Dear Carver,
It has been three years. Three years since you arrived and three years since my life really began.
Happy 3rd birthday sweet boy!
This last year has been a little crazy, hasn't it? A lot of changes in our life-- and some tough moments. I hate to admit it, but I've spent a lot of time worrying about you this year. Mostly worrying about how you would adjust to having a new brother. I was so afraid that you would feel like I had abandoned you or that you would long for the days when it was just us. But, I should have known better. I should have known that you would adapt and grow and quickly love your little brother and become such a fantastic big brother. I'm so incredibly proud of you. Watching you love on Carson, and watching Carson stare at you with such obvious adoration, has been one of the biggest highlights of my life.
You are the sweetest boy I have ever known. Don't get me wrong, you have a lot of not-so-sweet moments (we all do), but you have the most precious heart. I love it that you still want to be held-- a lot. That your favorite thing is to be sitting in one of our laps or have us pick you up, or lay in bed with you and snuggle. I just love that. I dread the day you won't let me hold you anymore because I know my arms will feel so terribly empty.
You have grown up so much this year. You look older, you act older, you are talking A LOT, and you are capable of so many new things. I love watching how you progress month to month. You say such cute things in such a charming way that even when you are driving me absolutely crazy I can't help but feel like my heart will BURST. Your Daddy and I both have trouble disciplining you sometimes-- because you're often cute, even when misbehaving.

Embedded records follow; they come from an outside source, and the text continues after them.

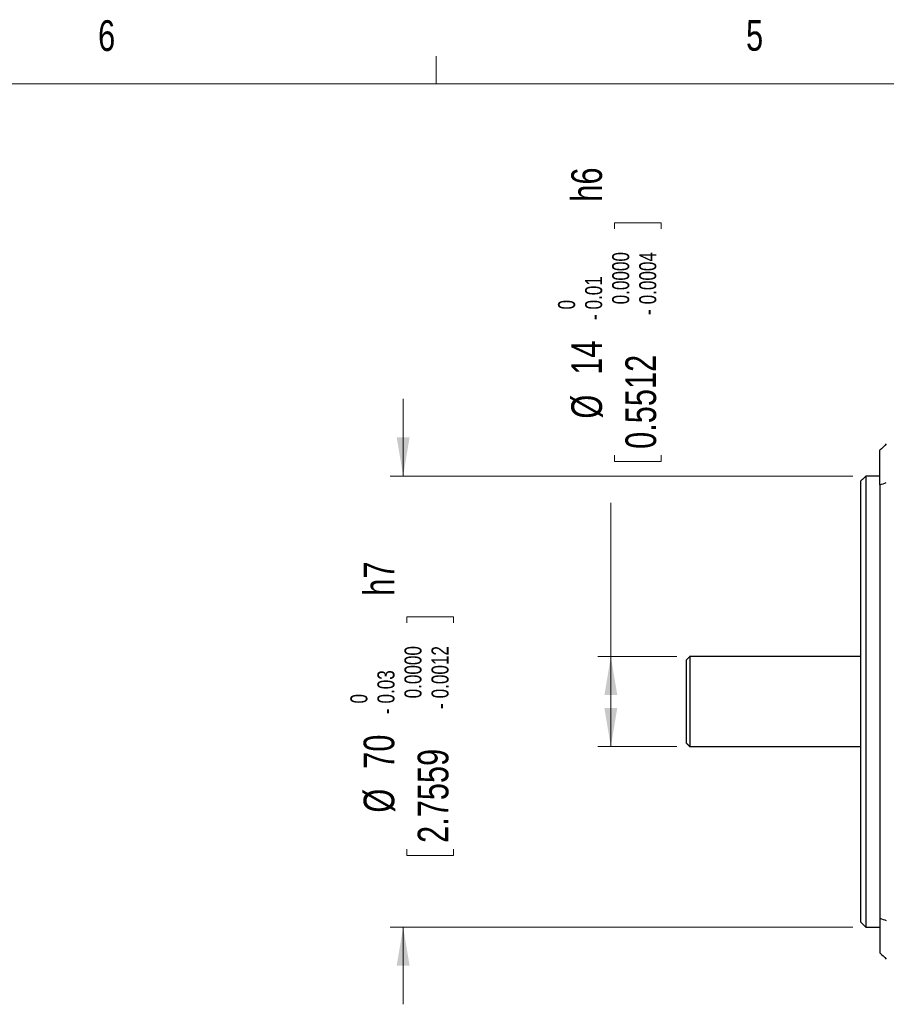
# Model space of a CAD drawing. Header units: millimetres. Extents: x 11 to 421, y 5 to 275.
# Tile 21 of 26: x 134 to 201, y 199 to 275. Entities that reach past the tile are written whole.
import ezdxf

# ---------------------------------------------------------------- set-up
doc = ezdxf.new("R2010")
doc.units = ezdxf.units.MM
doc.styles.add('SLDTEXTSTYLE0', font='TXT', dxfattribs={"width": 0.75})
doc.dimstyles.new('SLDDIMSTYLE4', dxfattribs={"dimtxt": 2.38125, "dimasz": 3, "dimexe": 0, "dimexo": 0.0625, "dimgap": 0.595313, "dimtad": 0, "dimlfac": 2, "dimrnd": 1e-09, "dimzin": 12, "dimdsep": 46, "dimtxsty": 'SLDTEXTSTYLE0', "dimsah": 1, "dimcen": 0.09, "dimadec": 0, "dimazin": 0, "dimtol": 1, "dimtm": 0.01, "dimtfac": 1.8, "dimtofl": 0, "dimtmove": 0, "dimatfit": 3, "dimfxl": 1, "dimtolj": 1, "dimtzin": 0, "dimarcsym": 0})
doc.dimstyles.new('SLDDIMSTYLE5', dxfattribs={"dimtxt": 2.38125, "dimasz": 3, "dimexe": 0, "dimexo": 0.0625, "dimgap": 0.595313, "dimtad": 0, "dimlfac": 2, "dimrnd": 1e-09, "dimzin": 12, "dimdsep": 46, "dimtxsty": 'SLDTEXTSTYLE0', "dimsah": 1, "dimcen": 0.09, "dimadec": 0, "dimazin": 0, "dimtol": 1, "dimtm": 0.03, "dimtfac": 1.8, "dimtofl": 0, "dimtmove": 0, "dimatfit": 3, "dimfxl": 1, "dimtolj": 1, "dimtzin": 0, "dimarcsym": 0})

# ---------------------------------------------------------------- blocks, each defined once
blk = doc.blocks.new('*D11')
at = {"color": 7, "linetype": 'Continuous', "lineweight": 0}
for p, q in [((179.75, 259.539), (183.382, 259.539)), ((179.75, 259.539), (179.75, 259.057)), ((183.382, 259.539), (183.382, 259.057)), ((179.75, 241.013), (179.75, 241.496)), ((179.75, 241.013), (183.382, 241.013)), ((183.382, 241.013), (183.382, 241.496)), ((179.466, 225.87), (179.466, 237.788)), ((184.596, 225.87), (178.466, 225.87)), ((179.466, 218.87), (179.466, 225.87)), ((184.596, 218.87), (178.466, 218.87))]:
    blk.add_line(p, q, dxfattribs=at)
for points in [[(179.466, 225.87), (178.966, 222.87), (179.966, 222.87)], [(179.466, 218.87), (179.966, 221.87), (178.966, 221.87)]]:
    blk.add_solid(points, dxfattribs=at)
at = {"color": 7, "linetype": 'Continuous', "lineweight": 0, "attachment_point": 1, "rotation": 90, "style": 'SLDTEXTSTYLE0'}
for s, insert, char_height in [(' h6', (176.397, 260.505), 2.3813), ('0.0000', (179.566, 253.202), 1.3229), ('0.0004', (181.665, 253.202), 1.3229), ('0.01', (177.466, 252.803), 1.3229), ('0', (175.367, 252.803), 1.323), ('-', (177.466, 251.978), 1.323), ('-', (181.665, 252.377), 1.323), ('0.5512', (180.596, 241.978), 2.3813), ('14', (176.397, 247.733), 2.3813), ('%%c', (176.397, 244.33), 2.3813)]:
    blk.add_mtext(s, dxfattribs=dict(at, insert=insert, char_height=char_height))
blk = doc.blocks.new('*D12')
at = {"color": 7, "linetype": 'Continuous', "lineweight": 0}
for p, q in [((163.346, 239.87), (163.346, 245.87)), ((198.246, 239.87), (162.346, 239.87)), ((163.629, 228.955), (167.261, 228.955)), ((163.629, 228.955), (163.629, 228.472)), ((167.261, 228.955), (167.261, 228.472)), ((163.629, 210.429), (163.629, 210.911)), ((163.629, 210.429), (167.261, 210.429)), ((167.261, 210.429), (167.261, 210.911)), ((198.246, 204.87), (162.346, 204.87)), ((163.346, 204.87), (163.346, 198.87))]:
    blk.add_line(p, q, dxfattribs=at)
for points in [[(163.346, 239.87), (163.846, 242.87), (162.846, 242.87)], [(163.346, 204.87), (162.846, 201.87), (163.846, 201.87)]]:
    blk.add_solid(points, dxfattribs=at)
at = {"color": 7, "linetype": 'Continuous', "lineweight": 0, "attachment_point": 1, "rotation": 90, "style": 'SLDTEXTSTYLE0'}
for s, insert, char_height in [(' h7', (160.276, 229.92), 2.3813), ('0.0000', (163.445, 222.618), 1.3229), ('0.0012', (165.544, 222.618), 1.3229), ('0.03', (161.346, 222.218), 1.3229), ('0', (159.246, 222.218), 1.323), ('-', (161.346, 221.393), 1.323), ('-', (165.544, 221.793), 1.323), ('2.7559', (164.475, 211.394), 2.3813), ('70', (160.276, 217.149), 2.3813), ('%%c', (160.276, 213.746), 2.3813)]:
    blk.add_mtext(s, dxfattribs=dict(at, insert=insert, char_height=char_height))

msp = doc.modelspace()

# ---------------------------------------------------------------- linework, layer by layer
at = {"color": 7, "linetype": 'Continuous', "lineweight": 0}
for p, q in [((165.9192, 270.3087), (165.9192, 272.4626)), ((15.9068, 270.3087), (415.9568, 270.3087))]:
    msp.add_line(p, q, dxfattribs=at)
at = {"color": 7, "linetype": 'Continuous', "lineweight": 30}
for p, q in [((199.2461, 239.8695), (199.2461, 204.8695)), ((200.3461, 239.1866), (200.3461, 205.5525)), ((185.3458, 219.1195), (185.3458, 225.6195)), ((185.5958, 225.8695), (185.5958, 218.8695))]:
    msp.add_line(p, q, dxfattribs=at)
for points, degree in [([(200.8461, 242.3695), (200.6794, 242.2029), (200.5127, 242.0362), (200.3461, 241.8695)], 3), ([(199.2461, 239.8695), (198.8436, 239.467)], 1), ([(200.3486, 239.8695), (199.2461, 239.8695)], 1), ([(200.3461, 239.1866), (200.5127, 239.2482), (200.6794, 239.3098), (200.8461, 239.3714)], 3), ([(185.5958, 225.8695), (185.3458, 225.6195)], 1), ([(198.8461, 225.8695), (185.5958, 225.8695)], 1), ([(185.3458, 219.1195), (185.5958, 218.8695)], 1), ([(185.5958, 218.8695), (198.8461, 218.8695)], 1), ([(198.8436, 205.272), (199.2461, 204.8695)], 1), ([(199.2461, 204.8695), (200.3486, 204.8695)], 1), ([(200.3461, 205.5525), (200.5127, 205.4909), (200.6794, 205.4293), (200.8461, 205.3677)], 3), ([(200.3461, 205.5525), (200.3461, 204.5938), (200.3461, 203.6963), (200.3461, 202.8695)], 3), ([(200.3461, 202.8695), (200.5127, 202.7029), (200.6794, 202.5362), (200.8461, 202.3695)], 3)]:
    msp.add_open_spline(points, degree=degree, dxfattribs=at)
for points, knots in [([(200.3461, 239.1866), (200.3461, 239.2735), (200.3461, 239.4474), (200.3461, 239.7043), (200.3461, 239.9581), (200.3461, 240.2085), (200.3461, 240.4558), (200.3461, 240.6997), (200.3461, 240.9403), (200.3461, 241.1777), (200.3461, 241.4118), (200.3461, 241.6428), (200.3461, 241.7939), (200.3461, 241.8695)], [0, 0, 0, 0, 0.09103176, 0.18198995, 0.27289089, 0.36375091, 0.45458637, 0.54541363, 0.63624909, 0.72710911, 0.81801005, 0.90896824, 1, 1, 1, 1]), ([(198.8461, 239.4695), (198.8461, 239.4695), (198.8461, 239.3593), (198.8461, 238.9226), (198.8461, 238.5962), (198.8461, 237.7396), (198.8461, 237.2094), (198.8461, 235.9659), (198.8461, 235.2524), (198.8461, 233.6697), (198.8461, 232.8004), (198.8461, 230.9392), (198.8461, 229.9474), (198.8461, 227.8794), (198.8461, 226.8033), (198.8461, 224.6079), (198.8461, 223.4887), (198.8461, 221.2503), (198.8461, 220.1312), (198.8461, 217.9358), (198.8461, 216.8596), (198.8461, 214.7916), (198.8461, 213.7999), (198.8461, 211.9387), (198.8461, 211.0694), (198.8461, 209.4866), (198.8461, 208.7732), (198.8461, 207.5296), (198.8461, 206.9995), (198.8461, 206.1429), (198.8461, 205.8164), (198.8461, 205.3798), (198.8461, 205.2695), (198.8461, 205.2695)], [0, 0, 0, 0, 0.0625, 0.0625, 0.125, 0.125, 0.1875, 0.1875, 0.25, 0.25, 0.3125, 0.3125, 0.375, 0.375, 0.4375, 0.4375, 0.5, 0.5, 0.5625, 0.5625, 0.625, 0.625, 0.6875, 0.6875, 0.75, 0.75, 0.8125, 0.8125, 0.875, 0.875, 0.9375, 0.9375, 1, 1, 1, 1])]:
    msp.add_open_spline(points, degree=3, knots=knots, dxfattribs=at)

# ---------------------------------------------------------------- texts
at = {"color": 7, "linetype": 'Continuous', "lineweight": 0, "char_height": 2.3813, "attachment_point": 1, "style": 'SLDTEXTSTYLE0'}
for s, insert in [('6', (139.6667, 275.2534)), ('5', (189.9588, 275.267))]:
    msp.add_mtext(s, dxfattribs=dict(at, insert=insert))

# ---------------------------------------------------------------- dimensions: what is measured, and where the dimension line sits
at = {"color": 7, "linetype": 'Continuous', "lineweight": 0}
for base, p1, p2, text, dimstyle, picture, middle in [((179.4663, 225.8695), (185.5958, 218.8695), (185.5958, 225.8695), '%%c<> h6', 'SLDDIMSTYLE4', '*D11', (179.4663, 252.372)), ((163.3458, 204.8695), (199.2461, 239.8695), (199.2461, 204.8695), '%%c<> h7', 'SLDDIMSTYLE5', '*D12', (163.3458, 221.7878))]:
    dim = msp.add_linear_dim(base=base, p1=p1, p2=p2, angle=90, text=text, dimstyle=dimstyle, dxfattribs=at)
    dim.commit()
    dim.dimension.update_dxf_attribs({"geometry": picture, "text_midpoint": middle, "dimtype": 160})

doc.saveas('drawing.dxf')

I'm sorry that your third year was a little chaotic. And I'm sorry for all of the times that you wanted to be held, or wanted me to play with you and I told you I was too busy. I'm so sorry for that. I'm sorry that sometimes you have to turn my head to look at you, and press your forehead to my lips and remind me to kiss you (even though I kiss you a dozen times a day). I'm sorry. It is my promise to you that this next year I will take more time to just sit with you. To read you books, even when it is not naptime or bedtime. To hold you when you want to be held-- even if I have to stop whatever I am doing. Because nothing, nothing, is more important to me than you.
I'm still not perfect. I say this every year. I wish I could tell you one day that I will be a perfect mom, but I'm sorry-- that won't ever happen. I will fail you in some way every single day. Just saying that makes my heart hurt a little bit. But, I have to be honest. What I can promise you is this-- I will never stop trying to do my very best for you. To every day try to be a little better than I was the day before. A little more kind, and a little more patient, even a little more FUN.
I will cherish every single day of your life. I will pray over you every day. For health, for safety, for your salvation, and for your sweet heart. I will pray without ceasing. I will do what I can to teach you to love others, to show kindness, to be respectful and have integrity. I will teach you how to cook, and do laundry and treat women well. I will work so hard to help you see what is really important in life-- God, family, friends. Your Daddy will teach you a great many things too-- you are so incredibly lucky to have him.
Carver, you are such a blessing to so many and you don't even know it. It is privilege to be your Mama. Thanks for being patient with me. And loving me even when I make a lot of mistakes.
These three years have been the best of my life. The very best.
Love,
Mama
I didn't know you had a blog! So sweet to read about your blessed boy.